Exercise:
Taking each line of the material below in turn, count those containing the string "total". Provide the number alone.

Task material:
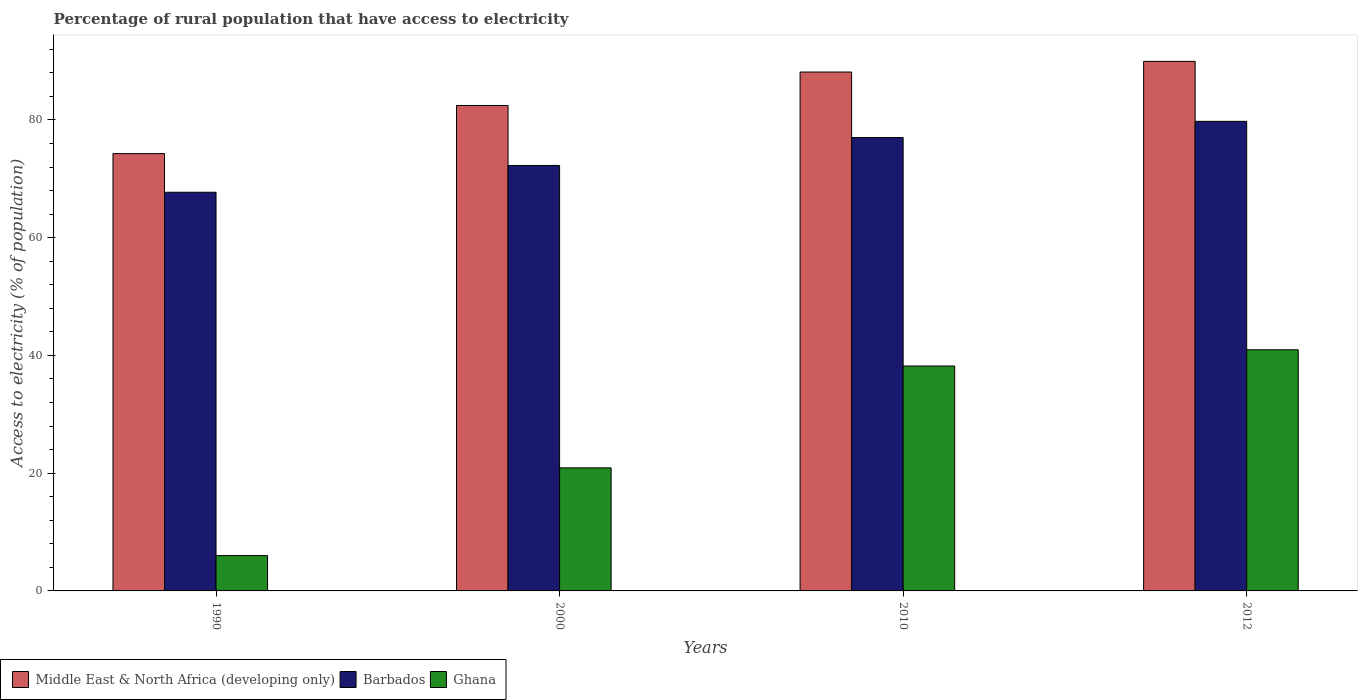How many different coloured bars are there?
Offer a terse response. 3. How many groups of bars are there?
Your answer should be very brief. 4. Are the number of bars per tick equal to the number of legend labels?
Give a very brief answer. Yes. How many bars are there on the 4th tick from the left?
Offer a terse response. 3. What is the label of the 1st group of bars from the left?
Keep it short and to the point. 1990. In how many cases, is the number of bars for a given year not equal to the number of legend labels?
Ensure brevity in your answer.  0. What is the percentage of rural population that have access to electricity in Ghana in 2012?
Your answer should be very brief. 40.95. Across all years, what is the maximum percentage of rural population that have access to electricity in Barbados?
Provide a succinct answer. 79.75. In which year was the percentage of rural population that have access to electricity in Ghana maximum?
Your answer should be very brief. 2012. In which year was the percentage of rural population that have access to electricity in Barbados minimum?
Make the answer very short. 1990. What is the total percentage of rural population that have access to electricity in Ghana in the graph?
Give a very brief answer. 106.05. What is the difference between the percentage of rural population that have access to electricity in Middle East & North Africa (developing only) in 1990 and that in 2000?
Your response must be concise. -8.17. What is the difference between the percentage of rural population that have access to electricity in Middle East & North Africa (developing only) in 2010 and the percentage of rural population that have access to electricity in Barbados in 1990?
Provide a succinct answer. 20.42. What is the average percentage of rural population that have access to electricity in Middle East & North Africa (developing only) per year?
Make the answer very short. 83.7. In the year 1990, what is the difference between the percentage of rural population that have access to electricity in Middle East & North Africa (developing only) and percentage of rural population that have access to electricity in Barbados?
Give a very brief answer. 6.57. In how many years, is the percentage of rural population that have access to electricity in Barbados greater than 64 %?
Ensure brevity in your answer.  4. What is the ratio of the percentage of rural population that have access to electricity in Ghana in 1990 to that in 2012?
Your answer should be very brief. 0.15. Is the percentage of rural population that have access to electricity in Ghana in 2000 less than that in 2012?
Offer a terse response. Yes. Is the difference between the percentage of rural population that have access to electricity in Middle East & North Africa (developing only) in 2000 and 2012 greater than the difference between the percentage of rural population that have access to electricity in Barbados in 2000 and 2012?
Provide a succinct answer. No. What is the difference between the highest and the second highest percentage of rural population that have access to electricity in Ghana?
Your answer should be very brief. 2.75. What is the difference between the highest and the lowest percentage of rural population that have access to electricity in Ghana?
Your response must be concise. 34.95. In how many years, is the percentage of rural population that have access to electricity in Ghana greater than the average percentage of rural population that have access to electricity in Ghana taken over all years?
Offer a very short reply. 2. What does the 3rd bar from the left in 1990 represents?
Your answer should be compact. Ghana. What does the 1st bar from the right in 2000 represents?
Provide a short and direct response. Ghana. How many bars are there?
Give a very brief answer. 12. Are the values on the major ticks of Y-axis written in scientific E-notation?
Your answer should be very brief. No. How are the legend labels stacked?
Your answer should be very brief. Horizontal. What is the title of the graph?
Your answer should be compact. Percentage of rural population that have access to electricity. What is the label or title of the X-axis?
Provide a short and direct response. Years. What is the label or title of the Y-axis?
Your answer should be very brief. Access to electricity (% of population). What is the Access to electricity (% of population) of Middle East & North Africa (developing only) in 1990?
Ensure brevity in your answer.  74.28. What is the Access to electricity (% of population) in Barbados in 1990?
Offer a very short reply. 67.71. What is the Access to electricity (% of population) in Ghana in 1990?
Your answer should be very brief. 6. What is the Access to electricity (% of population) in Middle East & North Africa (developing only) in 2000?
Ensure brevity in your answer.  82.45. What is the Access to electricity (% of population) in Barbados in 2000?
Your answer should be compact. 72.27. What is the Access to electricity (% of population) of Ghana in 2000?
Offer a very short reply. 20.9. What is the Access to electricity (% of population) in Middle East & North Africa (developing only) in 2010?
Your answer should be compact. 88.13. What is the Access to electricity (% of population) in Ghana in 2010?
Provide a succinct answer. 38.2. What is the Access to electricity (% of population) in Middle East & North Africa (developing only) in 2012?
Ensure brevity in your answer.  89.94. What is the Access to electricity (% of population) in Barbados in 2012?
Give a very brief answer. 79.75. What is the Access to electricity (% of population) of Ghana in 2012?
Ensure brevity in your answer.  40.95. Across all years, what is the maximum Access to electricity (% of population) in Middle East & North Africa (developing only)?
Make the answer very short. 89.94. Across all years, what is the maximum Access to electricity (% of population) in Barbados?
Make the answer very short. 79.75. Across all years, what is the maximum Access to electricity (% of population) in Ghana?
Offer a very short reply. 40.95. Across all years, what is the minimum Access to electricity (% of population) of Middle East & North Africa (developing only)?
Your response must be concise. 74.28. Across all years, what is the minimum Access to electricity (% of population) of Barbados?
Keep it short and to the point. 67.71. What is the total Access to electricity (% of population) of Middle East & North Africa (developing only) in the graph?
Keep it short and to the point. 334.8. What is the total Access to electricity (% of population) of Barbados in the graph?
Provide a succinct answer. 296.73. What is the total Access to electricity (% of population) of Ghana in the graph?
Your response must be concise. 106.05. What is the difference between the Access to electricity (% of population) in Middle East & North Africa (developing only) in 1990 and that in 2000?
Offer a very short reply. -8.17. What is the difference between the Access to electricity (% of population) in Barbados in 1990 and that in 2000?
Keep it short and to the point. -4.55. What is the difference between the Access to electricity (% of population) in Ghana in 1990 and that in 2000?
Your answer should be compact. -14.9. What is the difference between the Access to electricity (% of population) in Middle East & North Africa (developing only) in 1990 and that in 2010?
Provide a succinct answer. -13.86. What is the difference between the Access to electricity (% of population) in Barbados in 1990 and that in 2010?
Provide a short and direct response. -9.29. What is the difference between the Access to electricity (% of population) of Ghana in 1990 and that in 2010?
Your response must be concise. -32.2. What is the difference between the Access to electricity (% of population) of Middle East & North Africa (developing only) in 1990 and that in 2012?
Give a very brief answer. -15.67. What is the difference between the Access to electricity (% of population) in Barbados in 1990 and that in 2012?
Your answer should be compact. -12.04. What is the difference between the Access to electricity (% of population) in Ghana in 1990 and that in 2012?
Keep it short and to the point. -34.95. What is the difference between the Access to electricity (% of population) in Middle East & North Africa (developing only) in 2000 and that in 2010?
Give a very brief answer. -5.68. What is the difference between the Access to electricity (% of population) of Barbados in 2000 and that in 2010?
Give a very brief answer. -4.74. What is the difference between the Access to electricity (% of population) of Ghana in 2000 and that in 2010?
Provide a succinct answer. -17.3. What is the difference between the Access to electricity (% of population) in Middle East & North Africa (developing only) in 2000 and that in 2012?
Make the answer very short. -7.5. What is the difference between the Access to electricity (% of population) of Barbados in 2000 and that in 2012?
Give a very brief answer. -7.49. What is the difference between the Access to electricity (% of population) in Ghana in 2000 and that in 2012?
Offer a terse response. -20.05. What is the difference between the Access to electricity (% of population) in Middle East & North Africa (developing only) in 2010 and that in 2012?
Provide a short and direct response. -1.81. What is the difference between the Access to electricity (% of population) of Barbados in 2010 and that in 2012?
Provide a succinct answer. -2.75. What is the difference between the Access to electricity (% of population) in Ghana in 2010 and that in 2012?
Make the answer very short. -2.75. What is the difference between the Access to electricity (% of population) in Middle East & North Africa (developing only) in 1990 and the Access to electricity (% of population) in Barbados in 2000?
Give a very brief answer. 2.01. What is the difference between the Access to electricity (% of population) in Middle East & North Africa (developing only) in 1990 and the Access to electricity (% of population) in Ghana in 2000?
Offer a very short reply. 53.38. What is the difference between the Access to electricity (% of population) of Barbados in 1990 and the Access to electricity (% of population) of Ghana in 2000?
Provide a succinct answer. 46.81. What is the difference between the Access to electricity (% of population) of Middle East & North Africa (developing only) in 1990 and the Access to electricity (% of population) of Barbados in 2010?
Your answer should be compact. -2.72. What is the difference between the Access to electricity (% of population) of Middle East & North Africa (developing only) in 1990 and the Access to electricity (% of population) of Ghana in 2010?
Make the answer very short. 36.08. What is the difference between the Access to electricity (% of population) in Barbados in 1990 and the Access to electricity (% of population) in Ghana in 2010?
Keep it short and to the point. 29.51. What is the difference between the Access to electricity (% of population) of Middle East & North Africa (developing only) in 1990 and the Access to electricity (% of population) of Barbados in 2012?
Your response must be concise. -5.48. What is the difference between the Access to electricity (% of population) in Middle East & North Africa (developing only) in 1990 and the Access to electricity (% of population) in Ghana in 2012?
Your answer should be compact. 33.32. What is the difference between the Access to electricity (% of population) in Barbados in 1990 and the Access to electricity (% of population) in Ghana in 2012?
Your answer should be very brief. 26.76. What is the difference between the Access to electricity (% of population) in Middle East & North Africa (developing only) in 2000 and the Access to electricity (% of population) in Barbados in 2010?
Make the answer very short. 5.45. What is the difference between the Access to electricity (% of population) of Middle East & North Africa (developing only) in 2000 and the Access to electricity (% of population) of Ghana in 2010?
Make the answer very short. 44.25. What is the difference between the Access to electricity (% of population) of Barbados in 2000 and the Access to electricity (% of population) of Ghana in 2010?
Make the answer very short. 34.06. What is the difference between the Access to electricity (% of population) in Middle East & North Africa (developing only) in 2000 and the Access to electricity (% of population) in Barbados in 2012?
Provide a succinct answer. 2.69. What is the difference between the Access to electricity (% of population) of Middle East & North Africa (developing only) in 2000 and the Access to electricity (% of population) of Ghana in 2012?
Provide a succinct answer. 41.49. What is the difference between the Access to electricity (% of population) in Barbados in 2000 and the Access to electricity (% of population) in Ghana in 2012?
Your answer should be very brief. 31.31. What is the difference between the Access to electricity (% of population) of Middle East & North Africa (developing only) in 2010 and the Access to electricity (% of population) of Barbados in 2012?
Your response must be concise. 8.38. What is the difference between the Access to electricity (% of population) of Middle East & North Africa (developing only) in 2010 and the Access to electricity (% of population) of Ghana in 2012?
Keep it short and to the point. 47.18. What is the difference between the Access to electricity (% of population) of Barbados in 2010 and the Access to electricity (% of population) of Ghana in 2012?
Make the answer very short. 36.05. What is the average Access to electricity (% of population) in Middle East & North Africa (developing only) per year?
Offer a terse response. 83.7. What is the average Access to electricity (% of population) in Barbados per year?
Ensure brevity in your answer.  74.18. What is the average Access to electricity (% of population) of Ghana per year?
Provide a short and direct response. 26.51. In the year 1990, what is the difference between the Access to electricity (% of population) of Middle East & North Africa (developing only) and Access to electricity (% of population) of Barbados?
Offer a very short reply. 6.57. In the year 1990, what is the difference between the Access to electricity (% of population) of Middle East & North Africa (developing only) and Access to electricity (% of population) of Ghana?
Provide a succinct answer. 68.28. In the year 1990, what is the difference between the Access to electricity (% of population) of Barbados and Access to electricity (% of population) of Ghana?
Keep it short and to the point. 61.71. In the year 2000, what is the difference between the Access to electricity (% of population) of Middle East & North Africa (developing only) and Access to electricity (% of population) of Barbados?
Keep it short and to the point. 10.18. In the year 2000, what is the difference between the Access to electricity (% of population) of Middle East & North Africa (developing only) and Access to electricity (% of population) of Ghana?
Ensure brevity in your answer.  61.55. In the year 2000, what is the difference between the Access to electricity (% of population) of Barbados and Access to electricity (% of population) of Ghana?
Provide a succinct answer. 51.37. In the year 2010, what is the difference between the Access to electricity (% of population) in Middle East & North Africa (developing only) and Access to electricity (% of population) in Barbados?
Offer a terse response. 11.13. In the year 2010, what is the difference between the Access to electricity (% of population) in Middle East & North Africa (developing only) and Access to electricity (% of population) in Ghana?
Make the answer very short. 49.93. In the year 2010, what is the difference between the Access to electricity (% of population) of Barbados and Access to electricity (% of population) of Ghana?
Make the answer very short. 38.8. In the year 2012, what is the difference between the Access to electricity (% of population) in Middle East & North Africa (developing only) and Access to electricity (% of population) in Barbados?
Provide a succinct answer. 10.19. In the year 2012, what is the difference between the Access to electricity (% of population) of Middle East & North Africa (developing only) and Access to electricity (% of population) of Ghana?
Provide a short and direct response. 48.99. In the year 2012, what is the difference between the Access to electricity (% of population) of Barbados and Access to electricity (% of population) of Ghana?
Your response must be concise. 38.8. What is the ratio of the Access to electricity (% of population) in Middle East & North Africa (developing only) in 1990 to that in 2000?
Give a very brief answer. 0.9. What is the ratio of the Access to electricity (% of population) of Barbados in 1990 to that in 2000?
Ensure brevity in your answer.  0.94. What is the ratio of the Access to electricity (% of population) in Ghana in 1990 to that in 2000?
Give a very brief answer. 0.29. What is the ratio of the Access to electricity (% of population) in Middle East & North Africa (developing only) in 1990 to that in 2010?
Your answer should be compact. 0.84. What is the ratio of the Access to electricity (% of population) of Barbados in 1990 to that in 2010?
Ensure brevity in your answer.  0.88. What is the ratio of the Access to electricity (% of population) in Ghana in 1990 to that in 2010?
Your answer should be compact. 0.16. What is the ratio of the Access to electricity (% of population) in Middle East & North Africa (developing only) in 1990 to that in 2012?
Ensure brevity in your answer.  0.83. What is the ratio of the Access to electricity (% of population) in Barbados in 1990 to that in 2012?
Keep it short and to the point. 0.85. What is the ratio of the Access to electricity (% of population) of Ghana in 1990 to that in 2012?
Ensure brevity in your answer.  0.15. What is the ratio of the Access to electricity (% of population) in Middle East & North Africa (developing only) in 2000 to that in 2010?
Make the answer very short. 0.94. What is the ratio of the Access to electricity (% of population) of Barbados in 2000 to that in 2010?
Offer a very short reply. 0.94. What is the ratio of the Access to electricity (% of population) in Ghana in 2000 to that in 2010?
Give a very brief answer. 0.55. What is the ratio of the Access to electricity (% of population) in Barbados in 2000 to that in 2012?
Give a very brief answer. 0.91. What is the ratio of the Access to electricity (% of population) of Ghana in 2000 to that in 2012?
Keep it short and to the point. 0.51. What is the ratio of the Access to electricity (% of population) in Middle East & North Africa (developing only) in 2010 to that in 2012?
Provide a short and direct response. 0.98. What is the ratio of the Access to electricity (% of population) in Barbados in 2010 to that in 2012?
Offer a terse response. 0.97. What is the ratio of the Access to electricity (% of population) of Ghana in 2010 to that in 2012?
Keep it short and to the point. 0.93. What is the difference between the highest and the second highest Access to electricity (% of population) in Middle East & North Africa (developing only)?
Your response must be concise. 1.81. What is the difference between the highest and the second highest Access to electricity (% of population) of Barbados?
Keep it short and to the point. 2.75. What is the difference between the highest and the second highest Access to electricity (% of population) in Ghana?
Ensure brevity in your answer.  2.75. What is the difference between the highest and the lowest Access to electricity (% of population) in Middle East & North Africa (developing only)?
Provide a succinct answer. 15.67. What is the difference between the highest and the lowest Access to electricity (% of population) of Barbados?
Keep it short and to the point. 12.04. What is the difference between the highest and the lowest Access to electricity (% of population) in Ghana?
Provide a succinct answer. 34.95.

Reply:
4